### DATASET RECORDS
┌──
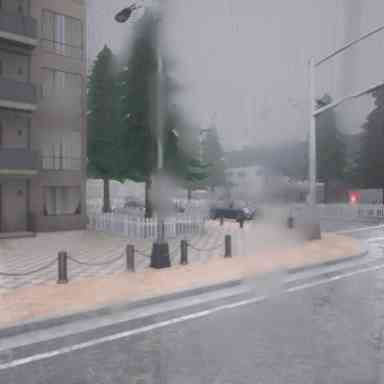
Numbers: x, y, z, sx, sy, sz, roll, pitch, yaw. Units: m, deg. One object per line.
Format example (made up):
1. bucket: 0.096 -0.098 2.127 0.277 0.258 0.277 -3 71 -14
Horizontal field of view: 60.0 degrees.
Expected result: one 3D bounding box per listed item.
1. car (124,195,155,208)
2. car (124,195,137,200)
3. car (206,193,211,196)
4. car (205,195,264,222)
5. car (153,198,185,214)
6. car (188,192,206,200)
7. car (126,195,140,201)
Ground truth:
1. car: -7.635 1.570 47.270 2.033 1.411 5.357 0 0 -37
2. car: -16.035 1.413 86.310 1.970 1.475 3.806 0 0 -37
3. car: 3.083 1.111 91.619 1.905 1.878 3.866 0 0 -37
4. car: 3.496 1.373 26.486 2.097 1.767 4.553 0 0 -37
5. car: -2.550 1.585 34.474 1.994 1.385 4.181 0 0 -37
6. car: 0.997 1.130 89.555 1.932 1.855 4.605 0 0 -37
7. car: -13.999 1.401 78.577 1.845 1.501 3.633 0 0 -37
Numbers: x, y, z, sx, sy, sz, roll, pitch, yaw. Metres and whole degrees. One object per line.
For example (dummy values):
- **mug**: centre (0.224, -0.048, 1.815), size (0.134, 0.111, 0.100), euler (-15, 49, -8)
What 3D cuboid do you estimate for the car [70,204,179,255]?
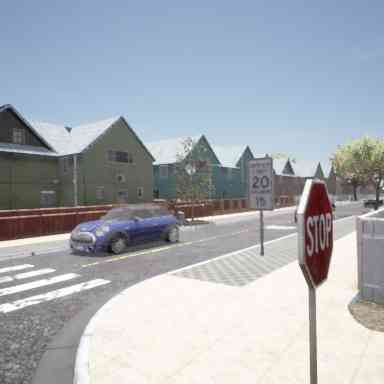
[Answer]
- **car**: centre (-2.588, 1.349, 13.438), size (2.097, 1.767, 4.553), euler (-2, -1, 37)

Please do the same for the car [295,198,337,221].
- **car**: centre (8.911, 1.363, 23.865), size (1.994, 1.385, 4.181), euler (-2, -1, 37)

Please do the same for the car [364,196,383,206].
- **car**: centre (24.519, 1.248, 44.703), size (1.895, 1.301, 4.718), euler (-2, -1, 37)
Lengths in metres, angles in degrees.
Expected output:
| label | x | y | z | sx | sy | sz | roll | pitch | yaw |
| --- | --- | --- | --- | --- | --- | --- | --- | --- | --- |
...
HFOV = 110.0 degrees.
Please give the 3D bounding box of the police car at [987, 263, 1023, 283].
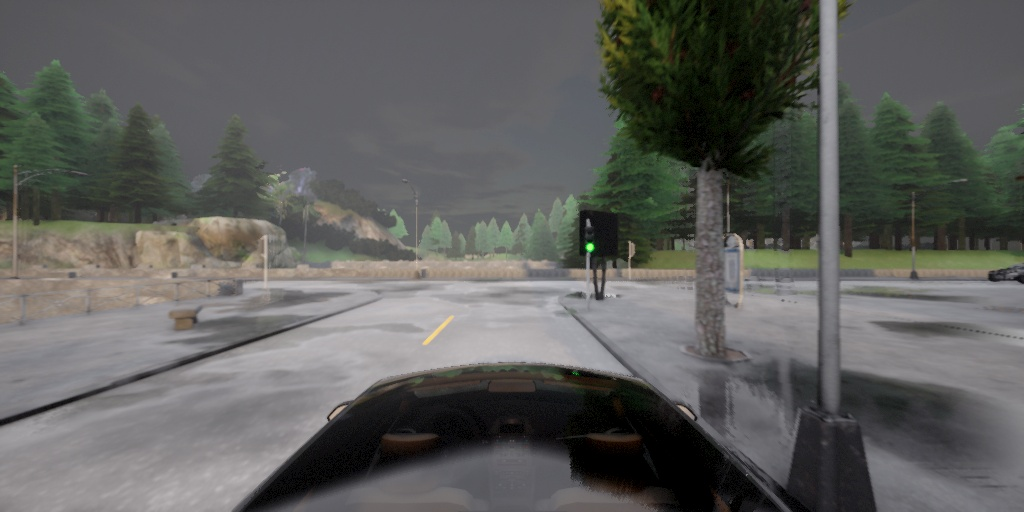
| label | x | y | z | sx | sy | sz | roll | pitch | yaw |
| --- | --- | --- | --- | --- | --- | --- | --- | --- | --- |
| police car | 40.203 | 1.320 | 27.944 | 4.974 | 1.542 | 2.038 | 0 | 0 | 0 |
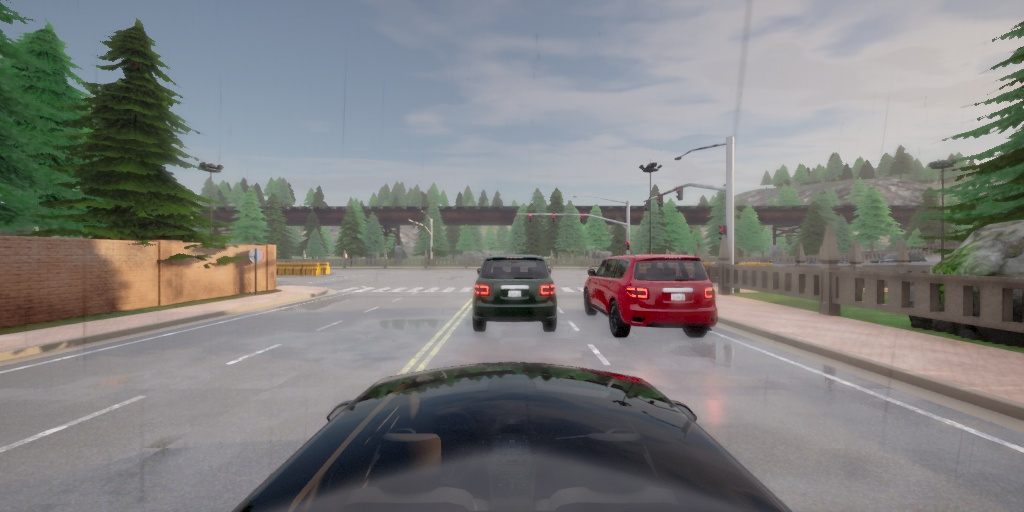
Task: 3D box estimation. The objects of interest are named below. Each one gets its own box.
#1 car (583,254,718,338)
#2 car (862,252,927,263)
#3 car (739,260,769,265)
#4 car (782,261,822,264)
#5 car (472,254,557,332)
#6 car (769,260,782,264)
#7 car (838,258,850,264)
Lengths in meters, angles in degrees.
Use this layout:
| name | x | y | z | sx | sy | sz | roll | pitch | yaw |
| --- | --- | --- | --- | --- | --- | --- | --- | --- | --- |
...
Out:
| name | x | y | z | sx | sy | sz | roll | pitch | yaw |
| --- | --- | --- | --- | --- | --- | --- | --- | --- | --- |
| car | 3.571 | 0.971 | 10.344 | 2.150 | 2.045 | 5.566 | 0 | 0 | 0 |
| car | 45.143 | 0.669 | 42.006 | 5.566 | 2.045 | 2.150 | -3 | 0 | -1 |
| car | 19.283 | 1.275 | 31.381 | 4.674 | 1.442 | 1.812 | 0 | 0 | 0 |
| car | 34.747 | 1.302 | 42.021 | 4.181 | 1.385 | 1.994 | 0 | 0 | 0 |
| car | 0.071 | 0.971 | 11.021 | 2.150 | 2.045 | 5.566 | 0 | 0 | 0 |
| car | 31.383 | 1.297 | 45.541 | 5.357 | 1.411 | 2.033 | 0 | 0 | 0 |
| car | 41.762 | 1.081 | 45.505 | 4.902 | 1.511 | 2.128 | -2 | 0 | 0 |
└──
### ASSIGNMENT
Reproduce only the lines above spanning from the line containing "Horizontal field of view: 60.0 degrees." through the line containing "- **mug**: centre", word for word.

### EXERCISE SOLUTION
Horizontal field of view: 60.0 degrees.
Expected result: one 3D bounding box per listed item.
1. car (124,195,155,208)
2. car (124,195,137,200)
3. car (206,193,211,196)
4. car (205,195,264,222)
5. car (153,198,185,214)
6. car (188,192,206,200)
7. car (126,195,140,201)
Ground truth:
1. car: -7.635 1.570 47.270 2.033 1.411 5.357 0 0 -37
2. car: -16.035 1.413 86.310 1.970 1.475 3.806 0 0 -37
3. car: 3.083 1.111 91.619 1.905 1.878 3.866 0 0 -37
4. car: 3.496 1.373 26.486 2.097 1.767 4.553 0 0 -37
5. car: -2.550 1.585 34.474 1.994 1.385 4.181 0 0 -37
6. car: 0.997 1.130 89.555 1.932 1.855 4.605 0 0 -37
7. car: -13.999 1.401 78.577 1.845 1.501 3.633 0 0 -37
Numbers: x, y, z, sx, sy, sz, roll, pitch, yaw. Metres and whole degrees. One object per line.
For example (dummy values):
- **mug**: centre (0.224, -0.048, 1.815), size (0.134, 0.111, 0.100), euler (-15, 49, -8)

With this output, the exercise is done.